Bella's started coming in at about 4 months.


----------



## Altairss (Sep 7, 2012)

really depends on the bloodlines some get them really early 4-6 months some do not start or really fill out till they are older. Sparkles got hers about five months Tink started to get them around four. Boots looked like they were just coming in when I got him at a year.


----------



## mddolson (Jul 10, 2012)

Our Bella's started to grow around 5-6 months.

Mike D (Bella's dad)


----------



## Bentleysmom (Aug 11, 2012)

Bentley is 5 months and just starting to get some. You can kind of see his tail in the 3rd picture here http://www.goldenretrieverforum.com/golden-retriever-pictures/124000-bentley-ky-pics-heavy.html

We were going to ask Santa for hair extensions for his tail but looks like we don't have to now


----------



## quilter (Sep 12, 2011)

Casper has major chest hair and good tail feathers. We're waiting on the rest. He is 16 months.


----------



## Max's Dad (Apr 23, 2012)

Max's tail feathers began un-wrapping around 5-6 months.


----------



## Tainka (Nov 9, 2012)

Bentleysmom, It is so cute!!!!! I never saw your thread. I laughed so much  
Nice tail feather for 5 months.


----------



## CStrong73 (Jun 11, 2012)

Rocket's were about on par with Bentley's at 5 months. Maybe a little thicker, as his fur is THICK everywhere. But about the same length. Now, they are longer and filling in nicely...almost white and so SOFT.


----------



## Deber (Aug 23, 2011)

My kids are about 1 1/2 yrs now and finally have nice tails. Started growing about 5 mo but not long, just full. Now they are long and beautiful, but not near as long as some of the dogs here. Some have Beautiful long tails! Ours are long enough to look good, but not long enough to have to trim except for the length, which I trim to just touch the hock. 

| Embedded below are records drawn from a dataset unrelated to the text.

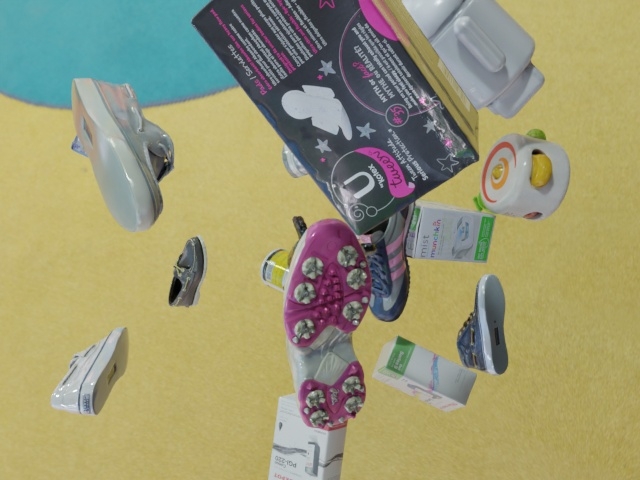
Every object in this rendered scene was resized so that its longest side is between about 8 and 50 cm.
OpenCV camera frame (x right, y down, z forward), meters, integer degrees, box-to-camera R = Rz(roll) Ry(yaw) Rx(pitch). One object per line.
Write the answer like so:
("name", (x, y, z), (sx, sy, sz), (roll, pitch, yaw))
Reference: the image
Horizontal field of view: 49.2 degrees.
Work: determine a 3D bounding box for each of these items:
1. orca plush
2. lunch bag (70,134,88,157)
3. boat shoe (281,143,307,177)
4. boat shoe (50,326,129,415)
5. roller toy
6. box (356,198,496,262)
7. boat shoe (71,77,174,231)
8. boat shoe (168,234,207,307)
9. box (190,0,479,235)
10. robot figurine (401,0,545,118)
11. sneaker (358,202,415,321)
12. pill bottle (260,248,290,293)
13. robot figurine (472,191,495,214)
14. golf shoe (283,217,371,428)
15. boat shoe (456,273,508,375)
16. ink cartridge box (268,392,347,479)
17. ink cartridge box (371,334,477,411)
("orca plush", (0.000, 0.000, 1.074), (0.151, 0.287, 0.102), (-23, 95, 5))
("lunch bag", (-0.277, -0.129, 0.931), (0.083, 0.071, 0.053), (30, 107, -11))
("boat shoe", (0.027, -0.259, 1.585), (0.103, 0.118, 0.320), (-4, 36, 38))
("boat shoe", (-0.414, 0.227, 1.275), (0.084, 0.258, 0.095), (2, 104, 0))
("roller toy", (0.463, -0.145, 1.610), (0.146, 0.191, 0.209), (10, 36, -16))
("box", (0.241, -0.031, 1.693), (0.262, 0.231, 0.127), (21, 104, 58))
("boat shoe", (-0.189, -0.097, 0.707), (0.081, 0.079, 0.227), (-10, 46, -28))
("boat shoe", (-0.330, 0.082, 1.728), (0.068, 0.228, 0.081), (-8, 45, -29))
("box", (0.025, -0.160, 0.667), (0.142, 0.163, 0.247), (-32, 104, 23))
("robot figurine", (0.294, -0.407, 1.437), (0.353, 0.300, 0.200), (40, 97, -12))
("sneaker", (0.121, 0.024, 1.491), (0.112, 0.131, 0.319), (7, 99, 40))
("pill bottle", (-0.058, 0.106, 1.946), (0.208, 0.119, 0.119), (22, 77, 40))
("robot figurine", (0.459, -0.106, 1.861), (0.101, 0.115, 0.067), (-23, 70, 25))
("golf shoe", (-0.007, 0.098, 0.916), (0.115, 0.306, 0.140), (-7, 30, -17))
("boat shoe", (0.285, 0.151, 1.268), (0.083, 0.065, 0.183), (0, 97, 49))
("ink cartridge box", (-0.030, 0.494, 1.686), (0.158, 0.092, 0.218), (7, 92, 33))
("ink cartridge box", (0.248, 0.324, 1.689), (0.212, 0.154, 0.093), (24, 70, 0))
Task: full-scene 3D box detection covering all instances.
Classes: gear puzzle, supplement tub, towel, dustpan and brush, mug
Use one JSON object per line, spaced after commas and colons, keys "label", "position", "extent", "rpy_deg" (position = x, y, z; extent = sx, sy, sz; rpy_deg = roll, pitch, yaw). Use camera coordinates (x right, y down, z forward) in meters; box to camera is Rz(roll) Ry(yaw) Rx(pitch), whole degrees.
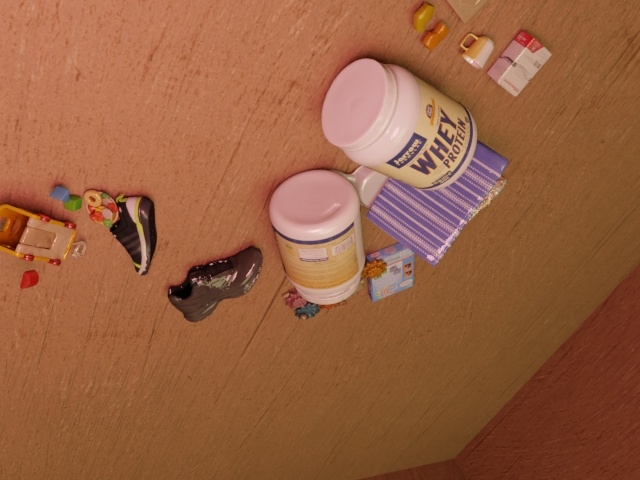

Max's Dad you described it perfectly when you said Max's tail started unwrapping about 5 mo. Mine did that too and for quite a while they looked like thick lab tails. Glad when the length and weight pulled the hairs down and they Unwrapped!


----------



## Tainka (Nov 9, 2012)

This it the word I was looking for-Unwrapped  JoyLee's tail started unwrapping a few days ago. It is thick and I can see some hair hanged down, guess that's a good sign?


----------



## Blondie (Oct 10, 2009)

As one of unfortunate display of tail feathers...not very appealing or beautiful to look at. Dosn't help that Maggie likes chewing and biting her tail feathers and pants hairs, when home alone. Should've sent her to beauty school to train to cut hair!


----------



## Tayla's Mom (Apr 20, 2012)

Tayla has a beautiful tail and the feathering on her back legs is great. At 13 months her front legs are starting to get feathering but her coat on the sides is patchy at best. As a red dog I don't think she will have a heavy coat and it will be very wavy, but her sides are still pretty short.


----------



## Dwyllis (Nov 22, 2012)

Loki turned five months old this week & his tail is feathering up nicely.


----------